**EXERCISE MATERIALS:**

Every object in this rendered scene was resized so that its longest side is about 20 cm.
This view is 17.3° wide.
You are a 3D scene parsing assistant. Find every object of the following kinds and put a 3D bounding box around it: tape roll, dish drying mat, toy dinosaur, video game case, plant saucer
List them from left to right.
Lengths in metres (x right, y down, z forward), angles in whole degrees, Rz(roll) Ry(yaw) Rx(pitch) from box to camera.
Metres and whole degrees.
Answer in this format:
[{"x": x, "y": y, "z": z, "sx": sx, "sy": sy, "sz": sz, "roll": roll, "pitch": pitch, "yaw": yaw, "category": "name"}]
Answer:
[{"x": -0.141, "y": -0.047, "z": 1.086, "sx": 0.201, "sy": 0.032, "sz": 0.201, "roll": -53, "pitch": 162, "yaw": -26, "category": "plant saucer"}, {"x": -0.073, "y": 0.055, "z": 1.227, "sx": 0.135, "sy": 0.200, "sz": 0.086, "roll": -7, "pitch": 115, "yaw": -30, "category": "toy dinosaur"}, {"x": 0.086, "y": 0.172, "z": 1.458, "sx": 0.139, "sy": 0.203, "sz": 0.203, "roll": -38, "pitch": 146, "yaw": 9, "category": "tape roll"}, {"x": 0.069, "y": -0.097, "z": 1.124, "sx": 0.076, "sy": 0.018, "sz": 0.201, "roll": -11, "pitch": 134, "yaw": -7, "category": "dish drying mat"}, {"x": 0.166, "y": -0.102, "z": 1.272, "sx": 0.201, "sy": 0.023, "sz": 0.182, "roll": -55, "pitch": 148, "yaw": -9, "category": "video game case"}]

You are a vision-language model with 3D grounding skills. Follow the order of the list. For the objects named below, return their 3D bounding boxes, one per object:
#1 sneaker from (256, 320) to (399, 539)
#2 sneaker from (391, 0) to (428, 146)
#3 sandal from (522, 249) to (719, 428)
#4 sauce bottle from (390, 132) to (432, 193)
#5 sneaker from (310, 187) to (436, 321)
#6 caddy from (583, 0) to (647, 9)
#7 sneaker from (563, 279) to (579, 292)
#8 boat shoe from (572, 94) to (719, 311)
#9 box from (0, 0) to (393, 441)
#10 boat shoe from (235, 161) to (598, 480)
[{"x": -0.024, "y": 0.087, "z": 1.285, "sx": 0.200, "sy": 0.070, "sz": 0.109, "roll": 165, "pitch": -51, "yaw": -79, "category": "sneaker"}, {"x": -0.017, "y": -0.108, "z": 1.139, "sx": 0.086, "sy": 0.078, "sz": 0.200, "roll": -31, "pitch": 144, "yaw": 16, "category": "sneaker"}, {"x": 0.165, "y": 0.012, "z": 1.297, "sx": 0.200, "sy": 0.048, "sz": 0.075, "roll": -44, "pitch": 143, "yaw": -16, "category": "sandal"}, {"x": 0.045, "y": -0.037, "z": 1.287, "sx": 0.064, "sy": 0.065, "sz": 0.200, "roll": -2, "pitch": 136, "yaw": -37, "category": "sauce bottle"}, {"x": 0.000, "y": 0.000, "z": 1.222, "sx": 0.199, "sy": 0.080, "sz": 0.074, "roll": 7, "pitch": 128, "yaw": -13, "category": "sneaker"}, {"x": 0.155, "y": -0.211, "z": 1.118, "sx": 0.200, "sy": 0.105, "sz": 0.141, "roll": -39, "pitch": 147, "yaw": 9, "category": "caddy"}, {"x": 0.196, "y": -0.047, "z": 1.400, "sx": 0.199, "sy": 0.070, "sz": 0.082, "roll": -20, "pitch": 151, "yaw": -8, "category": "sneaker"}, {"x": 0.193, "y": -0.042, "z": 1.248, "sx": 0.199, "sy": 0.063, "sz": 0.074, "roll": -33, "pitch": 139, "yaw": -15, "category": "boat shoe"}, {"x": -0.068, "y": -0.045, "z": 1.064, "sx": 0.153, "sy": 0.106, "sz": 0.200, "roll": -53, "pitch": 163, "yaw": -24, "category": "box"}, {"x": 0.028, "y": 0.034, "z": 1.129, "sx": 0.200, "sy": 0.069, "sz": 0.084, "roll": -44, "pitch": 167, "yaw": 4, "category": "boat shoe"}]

**WORK TO COMPLETE:** Among the entries above, find the line with "List them from left to right." and the line with "#1 sneaker from (256, 320) to (399, 539)"; give again exactly these two lines and all lines between them.

**ANSWER TO THE PROBLEM:**
List them from left to right.
Lengths in metres (x right, y down, z forward), angles in whole degrees, Rz(roll) Ry(yaw) Rx(pitch) from box to camera.
Metres and whole degrees.
Answer in this format:
[{"x": x, "y": y, "z": z, "sx": sx, "sy": sy, "sz": sz, "roll": roll, "pitch": pitch, "yaw": yaw, "category": "name"}]
Answer:
[{"x": -0.141, "y": -0.047, "z": 1.086, "sx": 0.201, "sy": 0.032, "sz": 0.201, "roll": -53, "pitch": 162, "yaw": -26, "category": "plant saucer"}, {"x": -0.073, "y": 0.055, "z": 1.227, "sx": 0.135, "sy": 0.200, "sz": 0.086, "roll": -7, "pitch": 115, "yaw": -30, "category": "toy dinosaur"}, {"x": 0.086, "y": 0.172, "z": 1.458, "sx": 0.139, "sy": 0.203, "sz": 0.203, "roll": -38, "pitch": 146, "yaw": 9, "category": "tape roll"}, {"x": 0.069, "y": -0.097, "z": 1.124, "sx": 0.076, "sy": 0.018, "sz": 0.201, "roll": -11, "pitch": 134, "yaw": -7, "category": "dish drying mat"}, {"x": 0.166, "y": -0.102, "z": 1.272, "sx": 0.201, "sy": 0.023, "sz": 0.182, "roll": -55, "pitch": 148, "yaw": -9, "category": "video game case"}]

You are a vision-language model with 3D grounding skills. Follow the order of the list. For the objects named below, return their 3D bounding boxes, one per object:
#1 sneaker from (256, 320) to (399, 539)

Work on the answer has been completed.